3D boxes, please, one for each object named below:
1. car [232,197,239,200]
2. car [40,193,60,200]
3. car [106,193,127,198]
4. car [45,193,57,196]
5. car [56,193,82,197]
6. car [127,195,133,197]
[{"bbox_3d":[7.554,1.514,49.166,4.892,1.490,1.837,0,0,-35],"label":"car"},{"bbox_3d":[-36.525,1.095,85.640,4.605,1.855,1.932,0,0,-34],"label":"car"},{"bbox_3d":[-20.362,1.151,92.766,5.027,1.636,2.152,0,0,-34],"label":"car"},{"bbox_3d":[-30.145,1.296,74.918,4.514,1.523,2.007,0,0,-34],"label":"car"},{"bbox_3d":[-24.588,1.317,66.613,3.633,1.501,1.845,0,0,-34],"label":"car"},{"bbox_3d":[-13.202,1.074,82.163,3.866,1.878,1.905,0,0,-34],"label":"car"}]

_____

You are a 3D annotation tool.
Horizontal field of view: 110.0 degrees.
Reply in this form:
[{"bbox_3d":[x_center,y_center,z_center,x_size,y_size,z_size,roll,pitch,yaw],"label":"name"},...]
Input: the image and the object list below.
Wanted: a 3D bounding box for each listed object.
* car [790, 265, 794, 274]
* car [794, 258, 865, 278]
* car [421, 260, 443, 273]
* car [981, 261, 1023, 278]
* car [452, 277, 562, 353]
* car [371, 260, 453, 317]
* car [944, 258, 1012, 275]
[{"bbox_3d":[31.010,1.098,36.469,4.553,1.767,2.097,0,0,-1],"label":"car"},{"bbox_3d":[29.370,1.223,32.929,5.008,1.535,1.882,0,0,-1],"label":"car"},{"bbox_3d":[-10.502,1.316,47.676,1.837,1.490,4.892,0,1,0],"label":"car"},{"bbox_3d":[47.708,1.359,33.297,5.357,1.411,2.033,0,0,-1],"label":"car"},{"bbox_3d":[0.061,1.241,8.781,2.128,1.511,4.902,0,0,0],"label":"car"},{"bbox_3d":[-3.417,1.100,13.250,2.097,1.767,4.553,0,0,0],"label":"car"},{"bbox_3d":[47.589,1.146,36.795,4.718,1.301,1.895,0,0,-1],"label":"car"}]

_____

WHAT IS REQUIRED:
Count the lines above with the string "object"; report only that figure.

OUTPUT BELOW:
3